ENMITY FLASHES IN EMBRYONIC FORM
The seeds of enmity are expressed in embryonic form on the occasion of Isaac’s weaning. Abraham and Sarah threw a great feast to celebrate Isaac’s weaning. By this time, Ishmael was at least sixteen years old and accustomed to having most of his father’s attention. So when Isaac was born and so much attention was showered upon him, a great deal of resentment and jealousy must have sprung up in both Ishmael and his mother. All the ingredients for an envy-driven hatred were there.
During the celebration, the Bible reports, “Sarah saw the son of Hagar the Egyptian, whom she had borne to Abraham, scoffing [at her son Isaac].”66
The Hebrew term translated “scoffing” is from the root word “to laugh” (, transliterated as [give transliteration], means “to mock”). But in the participial form in this context it means, “making fun of, ridiculing, discounting someone’s worth.”

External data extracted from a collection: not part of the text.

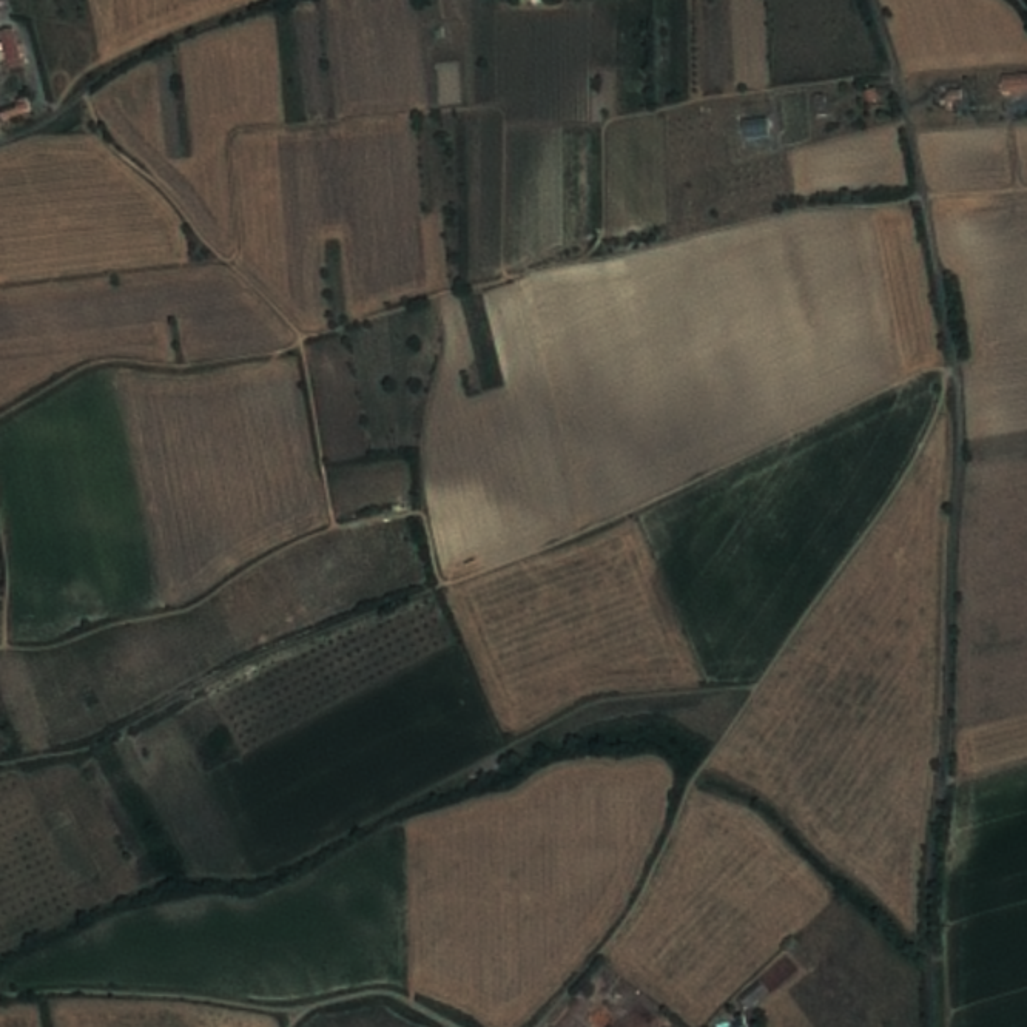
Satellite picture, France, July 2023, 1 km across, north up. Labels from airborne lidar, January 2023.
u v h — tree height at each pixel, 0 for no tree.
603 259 0
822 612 0
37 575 0
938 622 0
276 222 0
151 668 0
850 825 0
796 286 0
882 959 0
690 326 0
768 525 0
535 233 0
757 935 0
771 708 0
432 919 0
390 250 0
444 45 0
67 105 0
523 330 0
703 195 0
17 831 0
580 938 0
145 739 0
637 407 0
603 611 0
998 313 0
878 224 0
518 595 0
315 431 0
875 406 0
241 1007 0
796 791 0
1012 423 0
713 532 0
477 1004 0
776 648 0
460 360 0
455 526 0
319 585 0
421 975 0
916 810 0
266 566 0
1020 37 0
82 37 0
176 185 0
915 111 0
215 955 0
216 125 0
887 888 0
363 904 0
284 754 0
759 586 0
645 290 0
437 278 0
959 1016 0
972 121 0
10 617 0
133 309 0
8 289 0
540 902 0
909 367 0
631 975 0
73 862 0
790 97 0
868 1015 0
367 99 0
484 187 0
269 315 0
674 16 0
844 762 0
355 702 0
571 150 0
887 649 0
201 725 0
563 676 0
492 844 0
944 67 0
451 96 0
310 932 0
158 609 0
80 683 0
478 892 0
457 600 0
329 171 0
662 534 0
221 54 0
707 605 0
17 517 0
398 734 0
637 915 0
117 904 10
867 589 0
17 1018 0
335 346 0
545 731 0
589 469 0
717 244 0
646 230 6
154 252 0
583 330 0
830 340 0
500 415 0
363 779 0
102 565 0
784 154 0
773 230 0
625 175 0
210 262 0
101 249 0
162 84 0
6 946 0
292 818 0
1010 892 0
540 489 0
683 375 0
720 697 0
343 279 0
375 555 0
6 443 0
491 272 0
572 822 0
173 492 0
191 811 0
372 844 0
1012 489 0
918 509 0
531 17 0
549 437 0
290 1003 0
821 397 0
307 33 0
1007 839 0
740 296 0
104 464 0
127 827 0
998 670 0
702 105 0
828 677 0
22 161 0
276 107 0
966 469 0
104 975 0
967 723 0
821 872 7
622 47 0
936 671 0
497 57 0
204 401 0
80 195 0
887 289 0
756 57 0
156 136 0
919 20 0
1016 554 0
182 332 0
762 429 0
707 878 0
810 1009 0
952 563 0
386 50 0
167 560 0
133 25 0
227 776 0
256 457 0
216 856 0
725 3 0
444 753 0
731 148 0
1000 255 0
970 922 0
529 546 0
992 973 0
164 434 0
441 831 0
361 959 0
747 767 0
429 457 0
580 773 0
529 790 0
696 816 0
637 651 0
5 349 0
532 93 0
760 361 0
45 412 0
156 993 0
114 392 0
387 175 0
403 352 0
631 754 6
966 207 0
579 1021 0
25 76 0
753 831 0
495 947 0
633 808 0
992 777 0
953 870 0
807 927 0
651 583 0
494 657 0
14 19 6
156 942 0
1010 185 0
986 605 0
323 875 0
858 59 0
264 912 0
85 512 0
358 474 0
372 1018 0
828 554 0
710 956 0
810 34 0
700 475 0
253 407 0
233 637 0
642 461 0
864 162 0
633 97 0
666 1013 11
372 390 0
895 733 0
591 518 0
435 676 0
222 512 0
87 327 0
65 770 0
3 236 0
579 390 0
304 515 0
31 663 0
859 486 0
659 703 0

To understand the full implications of this situation, we have to put it up against the background of the promise God gave to Abraham when He announced Isaac’s birth. This is what God had promised Abraham:
Then God said to Abraham, “As for Sarai your wife, you shall not call her name Sarai, but Sarah shall be her name. And I will bless her and also give you a son by her; then I will bless her, and she shall be a mother of nations; kings of peoples shall be from her.” Then Abraham fell on his face and laughed, and said in his heart, “Shall a child be born to a man who is one hundred years old? And shall Sarah, who is ninety years old, bear a child?” And Abraham said to God, “Oh, tha
t Ishmael might live before You!” Then God said: “No, Sarah your wife shall bear you a son, and you shall call his name Isaac; I will establish My covenant with him for an everlasting covenant, and with his descendants after him.”67
This God-given revelation must have certainly been made known to Abraham’s entire household, including Hagar and Ishmael. And its divine authenticity was confirmed with the miraculous conception and birth of Isaac to the elderly parents.
So when Ishmael scoffed at and made fun of Isaac, he did so with the knowledge that according to divine revelation, Isaac was the chosen one. And that this was not merely a human choice based on carnal favoritism. This is why in the eyes of God Ishmael was not just mocking Isaac, but he was rejecting and ridiculing His sovereign choice. The German scholar Hengstenberg expressed the following insight, “Unbelief, envy, pride of carnal superiority, were the causes of Ishmael’s conduct.”68
This is surely the stuff of which Ishmael’s “enmity” was born. Remember, enmity is hatred that has been nourished over a long period of time. It was just beginning to take root here. An “everlasting hatred” is the very essence of the meaning of “enmity.”
GOD’S PROMISES TO ISHMAEL
The Bible makes it clear that despite the birth of Isaac, there was no lack of love for Ishmael on the part of Abraham or God. Abraham even petitioned the Lord that Ishmael could be part of the divine choice, when he said, “Oh, that Ishmael might live before You!”
And as a result, God made it clear that Ishmael would be given a great inheritance because he was also Abraham’s son. God promised, “And as for Ishmael, I have heard you. Behold, I have blessed him, and will make him fruitful, and will multiply him exceedingly. He shall beget twelve princes, and I will make him a great nation. But My covenant I will establish with Isaac, whom Sarah shall bear to you at this set time next year.”69 In point of fact, the Ishmaelites were given more land and ultimately more wealth than the Israelites. This was true in their past history, not to mention the vast oil wealth of modern times. And spiritual salvation has always been open to the Ishmaelites.